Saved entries
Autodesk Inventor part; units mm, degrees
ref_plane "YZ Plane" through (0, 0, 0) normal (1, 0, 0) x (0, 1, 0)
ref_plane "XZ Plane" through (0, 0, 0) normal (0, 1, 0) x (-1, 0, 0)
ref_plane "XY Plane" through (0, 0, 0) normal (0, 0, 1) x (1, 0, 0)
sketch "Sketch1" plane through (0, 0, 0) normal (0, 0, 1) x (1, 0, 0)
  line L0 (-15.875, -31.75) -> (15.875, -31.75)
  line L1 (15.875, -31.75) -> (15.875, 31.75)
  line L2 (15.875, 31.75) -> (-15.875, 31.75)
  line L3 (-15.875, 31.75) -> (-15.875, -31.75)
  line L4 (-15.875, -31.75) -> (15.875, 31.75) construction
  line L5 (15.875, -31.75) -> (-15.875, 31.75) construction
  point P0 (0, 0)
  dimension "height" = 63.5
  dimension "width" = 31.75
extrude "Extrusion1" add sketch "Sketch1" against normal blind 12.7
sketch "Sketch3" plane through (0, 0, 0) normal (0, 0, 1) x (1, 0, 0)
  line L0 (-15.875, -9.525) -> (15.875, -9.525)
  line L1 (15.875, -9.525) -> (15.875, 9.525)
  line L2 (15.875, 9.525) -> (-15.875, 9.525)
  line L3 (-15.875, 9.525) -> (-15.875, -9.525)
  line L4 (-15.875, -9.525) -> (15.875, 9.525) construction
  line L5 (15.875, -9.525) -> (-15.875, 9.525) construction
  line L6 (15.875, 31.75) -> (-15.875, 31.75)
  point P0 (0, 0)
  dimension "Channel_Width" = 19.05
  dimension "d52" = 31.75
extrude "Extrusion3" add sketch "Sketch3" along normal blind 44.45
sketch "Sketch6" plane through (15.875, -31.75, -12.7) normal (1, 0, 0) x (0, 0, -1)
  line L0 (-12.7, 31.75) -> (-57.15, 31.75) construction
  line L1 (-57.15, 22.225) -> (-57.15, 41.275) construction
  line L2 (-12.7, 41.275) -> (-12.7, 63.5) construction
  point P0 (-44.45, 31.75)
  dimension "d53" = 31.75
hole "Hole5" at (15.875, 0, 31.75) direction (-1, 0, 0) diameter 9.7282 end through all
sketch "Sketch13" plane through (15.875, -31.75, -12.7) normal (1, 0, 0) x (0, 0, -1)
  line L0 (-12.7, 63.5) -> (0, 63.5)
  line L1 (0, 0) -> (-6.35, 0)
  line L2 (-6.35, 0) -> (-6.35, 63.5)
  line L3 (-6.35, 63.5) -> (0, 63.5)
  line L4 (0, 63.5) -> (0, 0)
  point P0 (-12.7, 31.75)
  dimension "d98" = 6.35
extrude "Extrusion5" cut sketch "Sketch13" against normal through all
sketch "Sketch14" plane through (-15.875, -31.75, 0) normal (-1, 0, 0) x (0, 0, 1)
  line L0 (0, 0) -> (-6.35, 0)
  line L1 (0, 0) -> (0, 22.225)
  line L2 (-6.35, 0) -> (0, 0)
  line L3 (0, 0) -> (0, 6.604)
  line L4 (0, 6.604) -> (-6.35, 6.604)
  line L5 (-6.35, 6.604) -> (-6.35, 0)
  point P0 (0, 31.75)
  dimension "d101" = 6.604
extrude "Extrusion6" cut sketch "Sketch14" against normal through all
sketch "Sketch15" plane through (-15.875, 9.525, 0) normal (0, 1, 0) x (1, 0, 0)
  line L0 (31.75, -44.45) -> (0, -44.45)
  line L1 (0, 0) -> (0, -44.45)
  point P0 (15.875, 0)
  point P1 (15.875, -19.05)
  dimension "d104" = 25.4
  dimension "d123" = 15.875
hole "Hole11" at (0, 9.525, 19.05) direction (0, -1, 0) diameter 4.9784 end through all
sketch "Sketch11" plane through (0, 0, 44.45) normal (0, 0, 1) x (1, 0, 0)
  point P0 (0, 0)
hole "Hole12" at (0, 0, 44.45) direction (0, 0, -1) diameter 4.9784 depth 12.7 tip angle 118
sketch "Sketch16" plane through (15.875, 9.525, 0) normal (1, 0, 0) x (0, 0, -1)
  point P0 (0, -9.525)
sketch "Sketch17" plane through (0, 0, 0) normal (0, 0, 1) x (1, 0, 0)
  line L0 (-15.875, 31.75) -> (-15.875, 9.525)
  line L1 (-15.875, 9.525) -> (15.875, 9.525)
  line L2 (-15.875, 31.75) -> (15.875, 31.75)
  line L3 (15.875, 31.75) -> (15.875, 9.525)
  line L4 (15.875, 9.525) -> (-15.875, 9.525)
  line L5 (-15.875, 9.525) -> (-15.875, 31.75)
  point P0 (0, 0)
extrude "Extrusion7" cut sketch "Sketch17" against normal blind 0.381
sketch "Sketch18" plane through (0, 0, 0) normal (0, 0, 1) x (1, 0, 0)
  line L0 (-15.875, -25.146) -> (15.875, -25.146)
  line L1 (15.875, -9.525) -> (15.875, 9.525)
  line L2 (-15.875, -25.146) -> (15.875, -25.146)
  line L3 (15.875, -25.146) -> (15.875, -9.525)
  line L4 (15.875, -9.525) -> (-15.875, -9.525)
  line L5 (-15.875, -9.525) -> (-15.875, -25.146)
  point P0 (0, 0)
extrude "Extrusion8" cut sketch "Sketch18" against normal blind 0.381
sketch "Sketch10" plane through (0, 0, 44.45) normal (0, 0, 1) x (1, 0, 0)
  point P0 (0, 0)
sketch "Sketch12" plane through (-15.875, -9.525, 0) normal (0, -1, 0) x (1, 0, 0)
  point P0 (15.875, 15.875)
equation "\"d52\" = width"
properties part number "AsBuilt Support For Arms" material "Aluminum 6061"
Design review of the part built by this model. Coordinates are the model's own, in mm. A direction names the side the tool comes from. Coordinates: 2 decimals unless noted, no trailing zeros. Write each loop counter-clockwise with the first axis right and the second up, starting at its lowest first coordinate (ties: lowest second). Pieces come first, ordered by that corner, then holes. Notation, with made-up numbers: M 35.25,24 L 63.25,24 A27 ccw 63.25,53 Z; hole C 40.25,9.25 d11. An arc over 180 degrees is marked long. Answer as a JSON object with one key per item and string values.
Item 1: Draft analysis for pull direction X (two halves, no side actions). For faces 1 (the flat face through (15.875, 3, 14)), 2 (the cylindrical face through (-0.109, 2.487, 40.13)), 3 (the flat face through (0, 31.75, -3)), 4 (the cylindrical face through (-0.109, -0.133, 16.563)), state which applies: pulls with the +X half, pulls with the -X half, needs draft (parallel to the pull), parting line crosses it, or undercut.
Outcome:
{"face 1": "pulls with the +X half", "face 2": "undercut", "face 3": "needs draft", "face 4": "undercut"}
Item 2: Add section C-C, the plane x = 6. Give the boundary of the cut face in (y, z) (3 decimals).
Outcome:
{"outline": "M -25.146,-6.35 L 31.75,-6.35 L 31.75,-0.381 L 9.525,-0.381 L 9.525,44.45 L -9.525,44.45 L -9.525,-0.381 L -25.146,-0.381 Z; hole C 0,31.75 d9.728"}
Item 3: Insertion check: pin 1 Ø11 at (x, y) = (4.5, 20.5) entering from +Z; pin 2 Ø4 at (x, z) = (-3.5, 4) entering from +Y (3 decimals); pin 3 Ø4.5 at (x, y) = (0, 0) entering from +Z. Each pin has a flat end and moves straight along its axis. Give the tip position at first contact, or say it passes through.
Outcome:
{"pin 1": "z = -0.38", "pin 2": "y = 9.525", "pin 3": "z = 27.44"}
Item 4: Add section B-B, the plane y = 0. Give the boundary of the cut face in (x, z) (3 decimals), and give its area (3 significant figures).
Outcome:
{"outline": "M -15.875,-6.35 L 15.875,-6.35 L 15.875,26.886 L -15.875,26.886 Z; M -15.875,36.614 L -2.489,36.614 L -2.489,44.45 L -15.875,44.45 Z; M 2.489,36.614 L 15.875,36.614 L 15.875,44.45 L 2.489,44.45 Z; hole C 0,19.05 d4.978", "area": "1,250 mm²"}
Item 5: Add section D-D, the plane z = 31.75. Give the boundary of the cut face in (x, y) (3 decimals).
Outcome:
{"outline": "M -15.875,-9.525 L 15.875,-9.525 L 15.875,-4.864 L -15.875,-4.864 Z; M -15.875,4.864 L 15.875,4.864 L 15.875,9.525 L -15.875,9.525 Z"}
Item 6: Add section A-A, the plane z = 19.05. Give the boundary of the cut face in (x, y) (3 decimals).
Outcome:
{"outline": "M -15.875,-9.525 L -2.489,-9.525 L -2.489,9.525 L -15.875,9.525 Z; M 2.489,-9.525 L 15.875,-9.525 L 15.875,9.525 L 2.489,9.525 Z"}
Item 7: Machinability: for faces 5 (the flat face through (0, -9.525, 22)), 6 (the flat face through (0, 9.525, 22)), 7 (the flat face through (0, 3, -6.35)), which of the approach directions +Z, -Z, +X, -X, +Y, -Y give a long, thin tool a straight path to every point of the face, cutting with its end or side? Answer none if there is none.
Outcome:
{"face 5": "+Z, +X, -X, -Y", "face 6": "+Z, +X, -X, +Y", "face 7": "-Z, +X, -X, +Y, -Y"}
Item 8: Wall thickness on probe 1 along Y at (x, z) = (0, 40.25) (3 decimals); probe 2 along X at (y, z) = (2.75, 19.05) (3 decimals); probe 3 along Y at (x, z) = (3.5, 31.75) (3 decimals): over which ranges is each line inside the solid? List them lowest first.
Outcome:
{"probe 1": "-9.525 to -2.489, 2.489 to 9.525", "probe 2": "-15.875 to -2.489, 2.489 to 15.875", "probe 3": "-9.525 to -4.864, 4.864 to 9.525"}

What is being asked —
Set down exactly the lines beginning at the one that holds "Item 4: Add" and ending with the last line of the data.

Solved problem —
Item 4: Add section B-B, the plane y = 0. Give the boundary of the cut face in (x, z) (3 decimals), and give its area (3 significant figures).
Outcome:
{"outline": "M -15.875,-6.35 L 15.875,-6.35 L 15.875,26.886 L -15.875,26.886 Z; M -15.875,36.614 L -2.489,36.614 L -2.489,44.45 L -15.875,44.45 Z; M 2.489,36.614 L 15.875,36.614 L 15.875,44.45 L 2.489,44.45 Z; hole C 0,19.05 d4.978", "area": "1,250 mm²"}
Item 5: Add section D-D, the plane z = 31.75. Give the boundary of the cut face in (x, y) (3 decimals).
Outcome:
{"outline": "M -15.875,-9.525 L 15.875,-9.525 L 15.875,-4.864 L -15.875,-4.864 Z; M -15.875,4.864 L 15.875,4.864 L 15.875,9.525 L -15.875,9.525 Z"}
Item 6: Add section A-A, the plane z = 19.05. Give the boundary of the cut face in (x, y) (3 decimals).
Outcome:
{"outline": "M -15.875,-9.525 L -2.489,-9.525 L -2.489,9.525 L -15.875,9.525 Z; M 2.489,-9.525 L 15.875,-9.525 L 15.875,9.525 L 2.489,9.525 Z"}
Item 7: Machinability: for faces 5 (the flat face through (0, -9.525, 22)), 6 (the flat face through (0, 9.525, 22)), 7 (the flat face through (0, 3, -6.35)), which of the approach directions +Z, -Z, +X, -X, +Y, -Y give a long, thin tool a straight path to every point of the face, cutting with its end or side? Answer none if there is none.
Outcome:
{"face 5": "+Z, +X, -X, -Y", "face 6": "+Z, +X, -X, +Y", "face 7": "-Z, +X, -X, +Y, -Y"}
Item 8: Wall thickness on probe 1 along Y at (x, z) = (0, 40.25) (3 decimals); probe 2 along X at (y, z) = (2.75, 19.05) (3 decimals); probe 3 along Y at (x, z) = (3.5, 31.75) (3 decimals): over which ranges is each line inside the solid? List them lowest first.
Outcome:
{"probe 1": "-9.525 to -2.489, 2.489 to 9.525", "probe 2": "-15.875 to -2.489, 2.489 to 15.875", "probe 3": "-9.525 to -4.864, 4.864 to 9.525"}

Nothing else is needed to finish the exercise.